Em nova derrota para o governo, o Senado aprovou projeto que desfaz regras mais rígidas para os planos de saúde das estatais. A equipe econômica estima que o impacto da matéria representa um adicional de pelo menos R$ 1,5 bilhão ao ano para as grandes empresas públicas. O texto vai à promulgação.

Anteriormente, o Senado já havia rejeitado a medida provisória (MP) 1.045 que permitiu a redução de jornadas e salários durante a pandemia da covid-19, mas também previa mudanças permanentes nas leis trabalhistas. Foram 47 votos contrários, 27 favoráveis e uma abstenção.

O líder do governo no Senado, Fernando Bezerra (MDB-PE), se manifestou contra a proposta, mas concordou com a votação simbólica ao perceber que a maioria dos parlamentares apoiava a iniciativa.

“A Liderança do Governo vai concordar com a votação simbólica dessa matéria, mas quer fixar uma posição de que essa matéria traz repercussões importantes para as contas das empresas estatais, notadamente as grandes empresas estatais, como Caixa Econômica Federal, Correios, Petrobras”, disse Bezerra.

No total, o acervo soma, atualmente, pouco mais de 24 mil processos.

O Projeto de Decreto Legislativo revogou resolução de 2018 que limitou planos de saúde de estatais. Para Bezerra, seria importante manter o limite estabelecido de que a despesa com assistência à saúde não possa exceder a 8% dos encargos totais com folha de pagamento.

“Esse limite é muito importante para que não se quebre a paridade daquilo que é financiado pelo servidor e aquilo que é custeado pela empresa.
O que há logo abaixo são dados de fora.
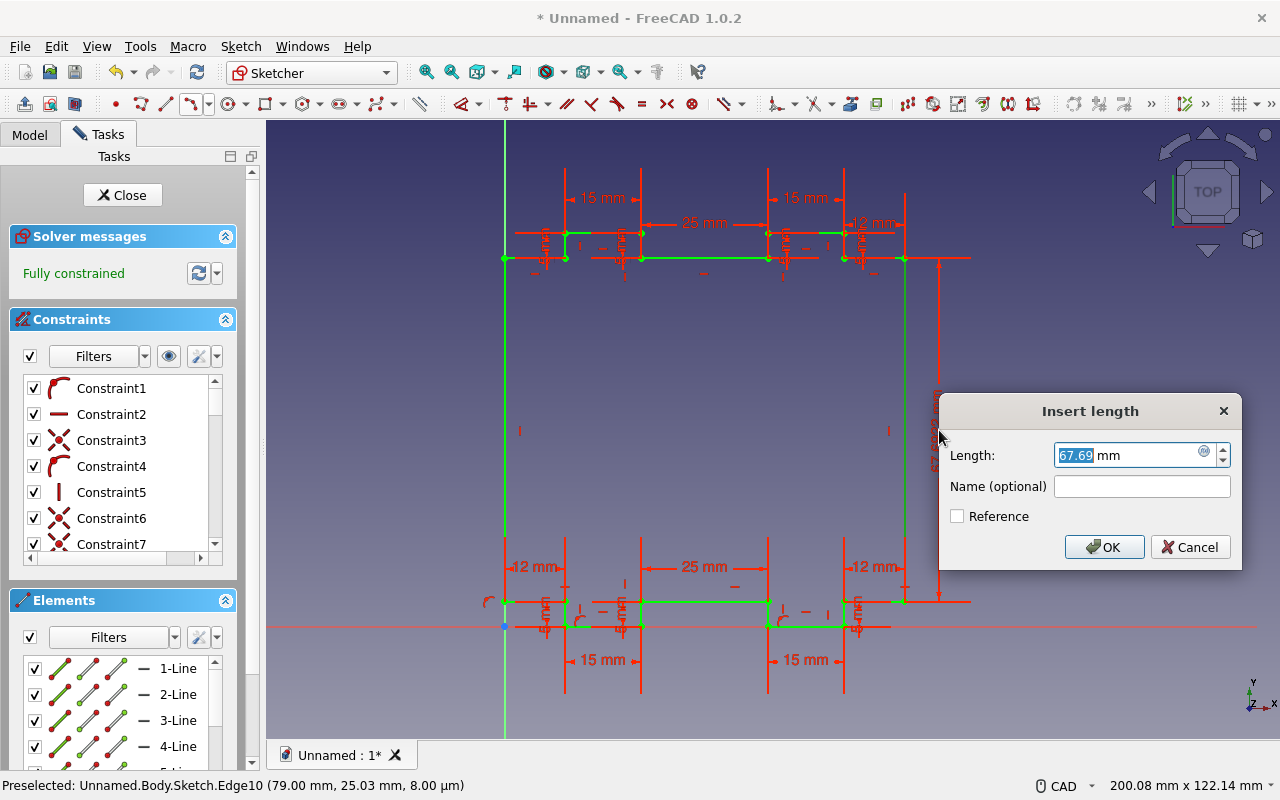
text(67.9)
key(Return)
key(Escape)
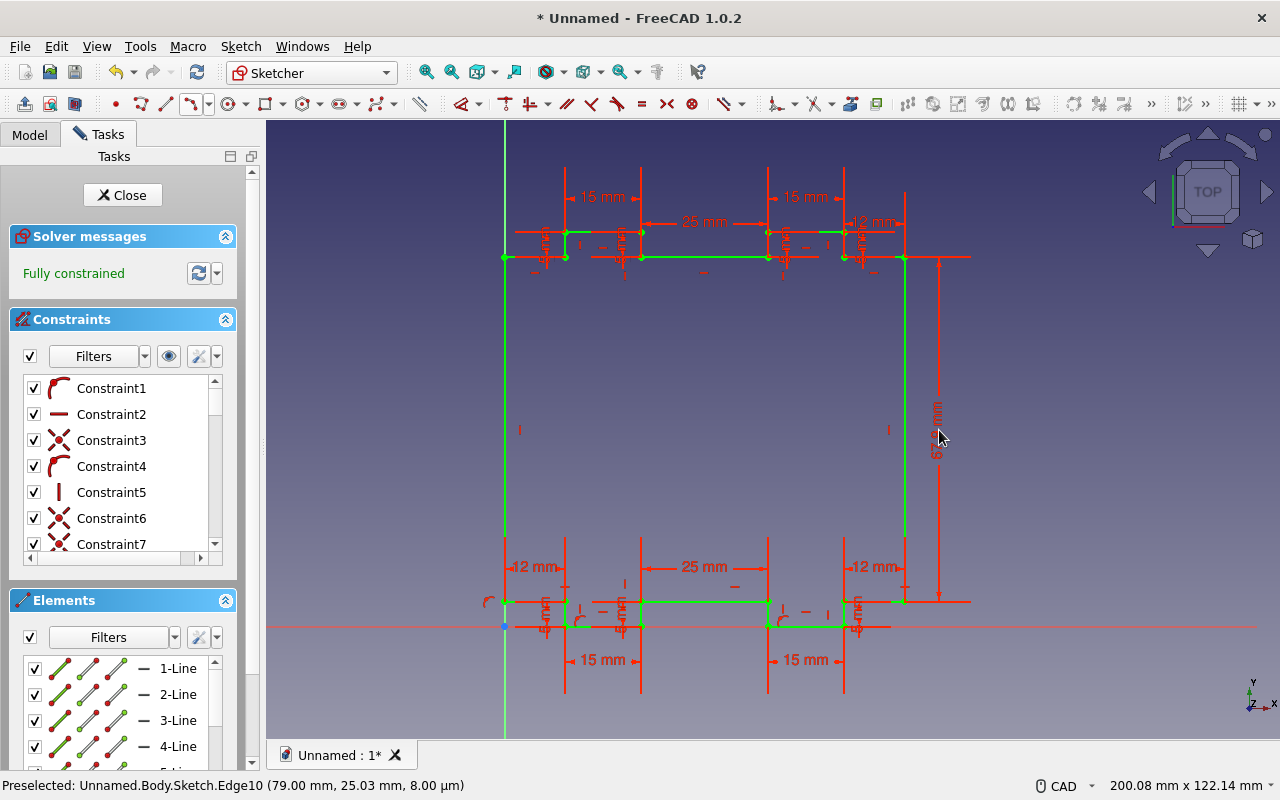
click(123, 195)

O que se trata, através dessa resolução, é criar limites para que as despesas não sejam pressionadas, e não seja o governo obrigado a fazer aportes. Essa é a preocupação. Existem estudos que levam a uma preocupação muito grande, sobretudo em empresas como Correios e a Caixa Econômica Federal”, insistiu o líder do governo.

O senador Romário (PL-RJ), relator da proposta, disse que a resolução de 2018 é ilegal. Segundo ele, as condições contratuais não podem ser alteradas unilateralmente pelo empregador.

“Percebe-se, assim, que a sustação da Resolução nº 23, de 2018, se dá não apenas por discordância em relação ao seu conteúdo, mas também porque ela exorbita os limites da Lei”, avaliou Romário no parecer.

O líder da minoria, Jean Paul Prates (PT-RN), considera que a matéria aprovada tem como mérito “criar dificuldades para a privatização das estatais”:

“Esse projeto tem esse duplo mérito: salva a autogestão dos planos de saúde e não facilita o olho gordo daqueles que querem comprar os Correios, a Eletrobras, a Petrobras, a Caixa Econômica, o Banco do Brasil. Até a Casa da Moeda botaram para vender e depois desistiram, na bacia das almas da ressaca da pandemia.”